Here Washington State as a certified Auto Emissions Repairman we used four gas analyzers to repair. The fourth gas was exhaust remaining oxygen. Have a 2-3-4% exhaust oxegen then the focus would be on conditions. Engine compression. How active and hot the cat is getting.

High CO and the exhaust oxygen is zeroed out then the focus has to be on getting more oxygen for the converting. Air cleaner; air induction; dual-bed cat pumped air supply; the cats ability to store and hold oxides; the EFI cycling the engine rich-lean, rich-lean to load oxygen load up the cat.

So try these:
get that cat worked heated up to smoking hot before the test.
Dab an end of a rag into new motor oil. Dab that onto the underside cat shell. WHEN you get that Cat hot enough to smoke the oil “smoking hot” you will have maximum cat performance.
Here WA State testing was done at separate contract agencies. Hot cat, avoid days, time with lines. IGNORE their signs saying to shut off the engine while waiting. Keep it running with the rpm held up at least to 1500-2000.
Yep. I’ve been booted out for that. Go back a different day into a different line with a different inspector. That cat MUST be HOT and kept HOT.
2nd trick for slightly high CO is to add an oxygenate to the fuel. Not too much. Or you will create misfiring driving up your HC’s.

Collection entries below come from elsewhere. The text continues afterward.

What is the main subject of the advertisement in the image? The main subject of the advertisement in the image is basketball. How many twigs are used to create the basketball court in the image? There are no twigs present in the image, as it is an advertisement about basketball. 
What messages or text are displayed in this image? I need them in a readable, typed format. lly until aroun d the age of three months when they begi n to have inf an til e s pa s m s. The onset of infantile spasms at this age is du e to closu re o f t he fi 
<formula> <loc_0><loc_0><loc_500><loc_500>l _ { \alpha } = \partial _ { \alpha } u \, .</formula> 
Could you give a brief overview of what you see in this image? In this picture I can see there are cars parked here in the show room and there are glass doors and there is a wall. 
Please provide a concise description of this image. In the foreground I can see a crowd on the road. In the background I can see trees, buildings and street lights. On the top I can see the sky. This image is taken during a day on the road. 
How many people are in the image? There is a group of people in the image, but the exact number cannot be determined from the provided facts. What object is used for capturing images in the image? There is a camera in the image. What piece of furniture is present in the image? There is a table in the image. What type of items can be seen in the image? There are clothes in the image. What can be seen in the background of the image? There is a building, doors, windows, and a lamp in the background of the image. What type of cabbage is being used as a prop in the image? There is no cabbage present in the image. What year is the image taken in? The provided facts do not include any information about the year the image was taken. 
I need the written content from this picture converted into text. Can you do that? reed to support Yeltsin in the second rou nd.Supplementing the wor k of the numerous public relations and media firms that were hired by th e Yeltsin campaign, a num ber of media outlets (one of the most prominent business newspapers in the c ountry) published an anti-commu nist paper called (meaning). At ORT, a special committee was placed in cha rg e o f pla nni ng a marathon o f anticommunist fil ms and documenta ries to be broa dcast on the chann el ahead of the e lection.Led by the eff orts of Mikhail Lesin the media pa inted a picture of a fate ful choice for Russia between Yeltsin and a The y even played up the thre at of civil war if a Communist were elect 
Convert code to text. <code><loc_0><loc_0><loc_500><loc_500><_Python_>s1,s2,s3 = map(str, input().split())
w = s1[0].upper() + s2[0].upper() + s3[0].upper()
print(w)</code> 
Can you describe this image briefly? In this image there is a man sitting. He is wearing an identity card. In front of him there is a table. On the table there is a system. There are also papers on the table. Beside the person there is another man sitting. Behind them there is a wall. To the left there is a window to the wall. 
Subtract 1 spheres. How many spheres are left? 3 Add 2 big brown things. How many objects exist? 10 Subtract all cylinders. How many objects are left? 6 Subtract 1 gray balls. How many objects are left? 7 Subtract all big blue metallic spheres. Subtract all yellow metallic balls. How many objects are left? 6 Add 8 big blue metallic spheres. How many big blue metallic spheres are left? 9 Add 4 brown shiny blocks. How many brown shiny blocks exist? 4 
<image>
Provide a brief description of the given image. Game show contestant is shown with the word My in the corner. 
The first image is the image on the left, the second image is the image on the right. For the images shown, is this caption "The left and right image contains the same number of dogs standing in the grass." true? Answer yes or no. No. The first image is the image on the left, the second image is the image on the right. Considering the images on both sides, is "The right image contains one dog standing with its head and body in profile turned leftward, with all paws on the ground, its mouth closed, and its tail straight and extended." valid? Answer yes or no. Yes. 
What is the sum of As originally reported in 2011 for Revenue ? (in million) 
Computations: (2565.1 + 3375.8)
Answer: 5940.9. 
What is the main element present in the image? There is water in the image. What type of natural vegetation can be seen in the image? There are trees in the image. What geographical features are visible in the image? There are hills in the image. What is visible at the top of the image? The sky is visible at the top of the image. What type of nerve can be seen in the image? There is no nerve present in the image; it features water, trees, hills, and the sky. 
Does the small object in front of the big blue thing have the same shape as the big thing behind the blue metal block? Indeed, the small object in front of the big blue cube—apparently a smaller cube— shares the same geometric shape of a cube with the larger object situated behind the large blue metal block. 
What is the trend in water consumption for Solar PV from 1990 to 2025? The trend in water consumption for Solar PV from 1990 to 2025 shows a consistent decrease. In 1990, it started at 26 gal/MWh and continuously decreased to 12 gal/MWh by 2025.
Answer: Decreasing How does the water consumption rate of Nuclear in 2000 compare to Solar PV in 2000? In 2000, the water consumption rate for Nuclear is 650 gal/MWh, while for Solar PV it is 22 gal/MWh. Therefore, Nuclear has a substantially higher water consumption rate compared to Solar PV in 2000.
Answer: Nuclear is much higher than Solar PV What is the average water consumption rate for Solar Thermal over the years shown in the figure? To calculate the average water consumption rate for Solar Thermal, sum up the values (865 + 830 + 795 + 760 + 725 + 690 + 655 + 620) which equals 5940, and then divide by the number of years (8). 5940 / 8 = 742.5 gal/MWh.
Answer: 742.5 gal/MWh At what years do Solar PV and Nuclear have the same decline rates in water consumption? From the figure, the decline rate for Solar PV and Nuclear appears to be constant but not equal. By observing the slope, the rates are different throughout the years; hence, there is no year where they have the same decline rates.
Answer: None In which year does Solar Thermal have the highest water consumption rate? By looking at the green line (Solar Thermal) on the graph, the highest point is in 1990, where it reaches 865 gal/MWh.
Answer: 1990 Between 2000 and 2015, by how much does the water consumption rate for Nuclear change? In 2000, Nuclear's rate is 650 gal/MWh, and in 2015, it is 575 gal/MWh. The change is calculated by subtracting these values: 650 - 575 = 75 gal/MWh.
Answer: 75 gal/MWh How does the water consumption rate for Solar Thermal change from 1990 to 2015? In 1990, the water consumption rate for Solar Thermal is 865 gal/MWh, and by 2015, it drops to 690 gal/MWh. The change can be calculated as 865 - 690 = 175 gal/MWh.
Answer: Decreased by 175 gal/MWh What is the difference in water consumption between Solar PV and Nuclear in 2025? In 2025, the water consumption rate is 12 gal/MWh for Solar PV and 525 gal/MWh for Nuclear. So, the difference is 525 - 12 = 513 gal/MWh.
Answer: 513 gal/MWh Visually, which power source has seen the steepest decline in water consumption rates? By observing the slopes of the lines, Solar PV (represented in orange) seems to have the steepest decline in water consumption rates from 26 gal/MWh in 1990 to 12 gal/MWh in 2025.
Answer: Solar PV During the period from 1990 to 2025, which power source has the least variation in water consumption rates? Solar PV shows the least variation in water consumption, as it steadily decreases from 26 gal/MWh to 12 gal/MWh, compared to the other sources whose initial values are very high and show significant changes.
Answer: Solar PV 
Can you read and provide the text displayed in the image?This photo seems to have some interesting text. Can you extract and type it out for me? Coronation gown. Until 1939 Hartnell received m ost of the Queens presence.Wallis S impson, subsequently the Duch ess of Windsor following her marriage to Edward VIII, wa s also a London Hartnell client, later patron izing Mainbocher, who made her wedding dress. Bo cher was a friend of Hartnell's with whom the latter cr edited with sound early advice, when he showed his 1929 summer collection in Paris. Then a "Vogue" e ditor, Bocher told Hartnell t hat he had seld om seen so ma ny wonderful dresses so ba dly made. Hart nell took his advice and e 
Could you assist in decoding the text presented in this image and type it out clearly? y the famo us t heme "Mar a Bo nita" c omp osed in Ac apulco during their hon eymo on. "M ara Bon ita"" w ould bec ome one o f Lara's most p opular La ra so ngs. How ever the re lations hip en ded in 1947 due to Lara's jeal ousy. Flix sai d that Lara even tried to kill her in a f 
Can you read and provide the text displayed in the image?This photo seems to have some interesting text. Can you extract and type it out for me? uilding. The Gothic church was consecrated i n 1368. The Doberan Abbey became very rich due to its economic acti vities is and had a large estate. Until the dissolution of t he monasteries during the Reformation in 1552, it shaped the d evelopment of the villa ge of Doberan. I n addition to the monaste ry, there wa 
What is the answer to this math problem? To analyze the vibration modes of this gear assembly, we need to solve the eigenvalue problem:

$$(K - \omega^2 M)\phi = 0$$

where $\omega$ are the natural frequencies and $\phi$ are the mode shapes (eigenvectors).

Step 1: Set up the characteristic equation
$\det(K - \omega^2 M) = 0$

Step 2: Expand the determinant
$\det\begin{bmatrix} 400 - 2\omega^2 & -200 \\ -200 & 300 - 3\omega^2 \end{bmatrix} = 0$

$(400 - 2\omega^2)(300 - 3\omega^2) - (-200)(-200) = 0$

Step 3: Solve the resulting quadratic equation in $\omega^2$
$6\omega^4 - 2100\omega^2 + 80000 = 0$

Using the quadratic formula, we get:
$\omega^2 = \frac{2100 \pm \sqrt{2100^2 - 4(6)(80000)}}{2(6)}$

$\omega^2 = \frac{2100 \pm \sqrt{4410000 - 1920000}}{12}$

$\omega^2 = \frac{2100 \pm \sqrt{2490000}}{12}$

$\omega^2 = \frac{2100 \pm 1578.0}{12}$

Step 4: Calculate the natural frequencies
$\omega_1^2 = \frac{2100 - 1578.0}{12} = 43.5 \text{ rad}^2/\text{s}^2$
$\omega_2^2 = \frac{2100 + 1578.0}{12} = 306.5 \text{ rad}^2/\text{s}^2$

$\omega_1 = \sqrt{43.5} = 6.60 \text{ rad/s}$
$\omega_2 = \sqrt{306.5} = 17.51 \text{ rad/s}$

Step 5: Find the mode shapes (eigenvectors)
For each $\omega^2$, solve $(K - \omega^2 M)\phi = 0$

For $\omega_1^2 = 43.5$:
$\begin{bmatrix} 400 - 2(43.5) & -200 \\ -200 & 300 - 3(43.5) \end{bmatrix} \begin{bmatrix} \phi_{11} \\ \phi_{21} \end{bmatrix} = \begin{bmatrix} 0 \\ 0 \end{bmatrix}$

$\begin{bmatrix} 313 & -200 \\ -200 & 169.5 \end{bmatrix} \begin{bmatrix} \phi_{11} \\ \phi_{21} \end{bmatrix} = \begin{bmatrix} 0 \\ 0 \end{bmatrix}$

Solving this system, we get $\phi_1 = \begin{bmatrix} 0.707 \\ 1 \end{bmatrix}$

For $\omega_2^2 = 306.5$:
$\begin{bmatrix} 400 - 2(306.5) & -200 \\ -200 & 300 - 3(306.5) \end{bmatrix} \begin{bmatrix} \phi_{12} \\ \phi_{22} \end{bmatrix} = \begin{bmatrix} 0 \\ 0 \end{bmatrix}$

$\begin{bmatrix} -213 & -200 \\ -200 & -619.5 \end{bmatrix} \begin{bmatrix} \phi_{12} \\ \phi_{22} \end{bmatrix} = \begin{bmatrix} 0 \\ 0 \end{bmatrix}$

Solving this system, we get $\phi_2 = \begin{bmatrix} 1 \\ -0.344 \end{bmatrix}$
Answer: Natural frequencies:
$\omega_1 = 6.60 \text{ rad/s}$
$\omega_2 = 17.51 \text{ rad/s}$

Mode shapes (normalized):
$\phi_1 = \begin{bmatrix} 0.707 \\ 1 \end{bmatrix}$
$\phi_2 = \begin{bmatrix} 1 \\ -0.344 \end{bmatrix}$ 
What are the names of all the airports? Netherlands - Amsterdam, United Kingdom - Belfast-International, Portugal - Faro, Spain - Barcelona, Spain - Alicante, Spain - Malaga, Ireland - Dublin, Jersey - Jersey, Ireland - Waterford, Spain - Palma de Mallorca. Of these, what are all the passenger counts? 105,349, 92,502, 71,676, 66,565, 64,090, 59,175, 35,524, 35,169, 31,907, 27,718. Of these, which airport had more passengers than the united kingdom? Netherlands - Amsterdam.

The attitude of the repairman and the inspector is super important. Our laws and regulations here were actually to get old pee-loot-er vehicles retired off the road.
Me as a repairman and some inspectors the goal is to help people out, not to sell new cars

S.U.

Oh I should add now’s the time you want a HOT coolant. Radiator block to get that. Not illegal.
.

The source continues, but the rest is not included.